Mingo Junction, OH. (Photo: Eric Thayer for Yahoo News)
Mingo Junction, Ohio. (Photo: Eric Thayer for Yahoo News)

After living here most of their lives, it was now mostly the older generation that was left. The kids who had grown up here had escaped, looking for better lives elsewhere. Not that their families blamed them. A town that had once held so much promise now seemed like something of a dead end.

There were appealing things about Trump’s message, they acknowledged, including his pledge to bring back jobs and industry to struggling towns like this. But for all his promises, there was something that didn’t ring true. Jackson, who said she started out giving Trump a chance even though she rarely votes Republican, was turned off by his litany of promises with few details and then by his propensity to “shoot off his mouth.” She felt uneasy about his temperament to be president and concerned that he was simply saying anything to win. “I don’t trust him,” she said. “He’s nothing but a mouth.”

But Jackson acknowledged she was in the minority. A few feet away, on a billboard set up near a pool table, someone had hung images of Clinton, one from a newsstand tabloid depicting her with an Adolf Hitler mustache (“World War 3,” the headline warned) and another of her behind jail bars. She had an idea about who might have hung them there, but fearful of fights, people shied away from talking about whom they did or did not vote for. “Oh, you don’t talk about religion and politics in a bar,” Jackson said, adding, “I say, ‘I do, if you ask me.’”

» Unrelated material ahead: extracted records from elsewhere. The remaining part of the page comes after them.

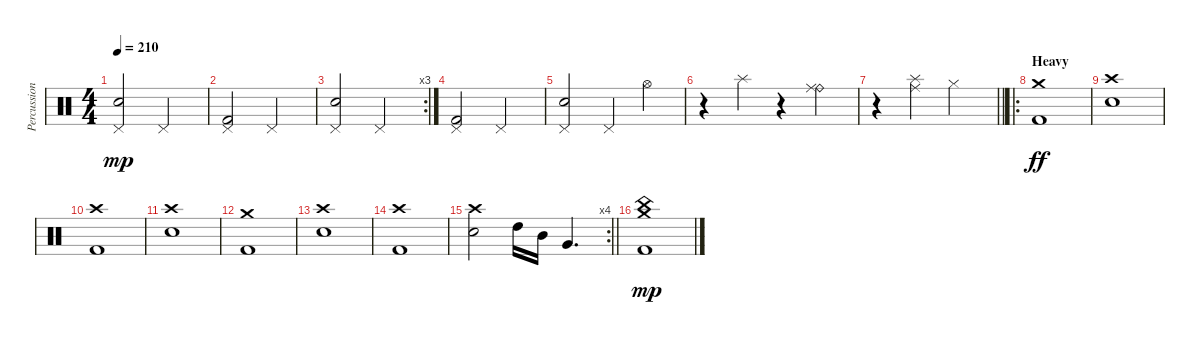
\track ("Percussion" "Percussion") {instrument percussion}
\staff {score}
\articulation defaults
\ts (4 4)
\tempo 210
\clef neutral
\ks c
("Pedal Hi-Hat (hit)" "Electric Snare (hit)").2{dy mp} "Pedal Hi-Hat (hit)".2 |
("Pedal Hi-Hat (hit)" "Kick (hit) 2").2 "Pedal Hi-Hat (hit)".2 |
\rc 3
("Pedal Hi-Hat (hit)" "Electric Snare (hit)").2 "Pedal Hi-Hat (hit)".2 |
("Pedal Hi-Hat (hit)" "Kick (hit) 2").2 "Pedal Hi-Hat (hit)".2 |
("Pedal Hi-Hat (hit)" "Electric Snare (hit)").2 "Pedal Hi-Hat (hit)".4 "Hi-Hat (open)".4 |
r.4 "Splash (hit)".4 r.4 ("Ride (bell)" "Ride (middle)").4 |
\barLineRight lightlight
r.4 ("Ride (middle)" "Splash (hit)").4 "Hi-Hat (closed)".2 |
\ro
\section ("" "Heavy")
("Crash medium (hit)" "Kick (hit) 2").1{dy ff} |
("Crash high (hit)" "Electric Snare (hit)").1 |
("Crash high (hit)" "Kick (hit) 2").1 |
("Crash high (hit)" "Electric Snare (hit)").1 |
("Crash medium (hit)" "Kick (hit) 2").1 |
("Crash high (hit)" "Electric Snare (hit)").1 |
("Crash high (hit)" "Kick (hit) 2").1 |
\rc 4
\barLineRight lightlight
("Crash high (hit)" "Electric Snare (hit)").2 "High Tom (hit)".16 "Mid Tom (hit)".16 "Very Low Tom (hit)".4{d} |
("China (hit)" "Crash medium (hit)" "Kick (hit) 2").1{dy mp}

But down the block, at an old bar called the Parkview Inn, there was one Trump supporter willing to own up to his vote. Joe Mannarino, a 57-year-old steelworker who had bounced from plant to plant after losing his job at the mill out back years before, was a registered Democrat who crossed party lines to back Trump. It wasn’t that he believed everything Trump said, he explained, but he saw him as a change candidate who would be more likely to help working-class people like him and towns like this.

The Schultzen Club in Mingo Junction, OH. (Photo: Eric Thayer for Yahoo News)
The Schultzen Club in Mingo Junction, Ohio. (Photo: Eric Thayer for Yahoo News)

Residents here have a long memory, Mannarino said. They still recalled how Bill Clinton went to Weirton, W.Va., just across the river shortly after he won the Democratic nomination in 1992, where he visited a mill and pledged to stop foreign steel from being dumped at cheap prices. “And then he turned around and passed NAFTA and all these trade deals that killed us,” Mannarino said. “How could anybody trust a Clinton after that?”

Trump, he said, was hardly the perfect candidate, but he was the only person who seemed to speak to and care about people like him. On the trail, Trump vividly spoke of reviving the steel industry in order to rebuild the nation’s infrastructure and the inner cities. “We will build the next generation of roads, bridges, railways, tunnels, seaports and airports that our country deserves,” Trump declared in a line in his stump speech. “American steel will send new skyscrapers soaring. We will put new American metal into the spine of this nation. ”

Now that Trump is soon to be in the White House, Mannarino said he expects him to deliver on those promises to rebuild the country with American steel, as well as his pledge to renegotiate trade deals like NAFTA on more favorable terms to the United States. Can Trump actually follow through on all those promises? Mannarino said with a shrug. “I’m hopeful,” he said. “I’m more hopeful than I’ve been for a while.”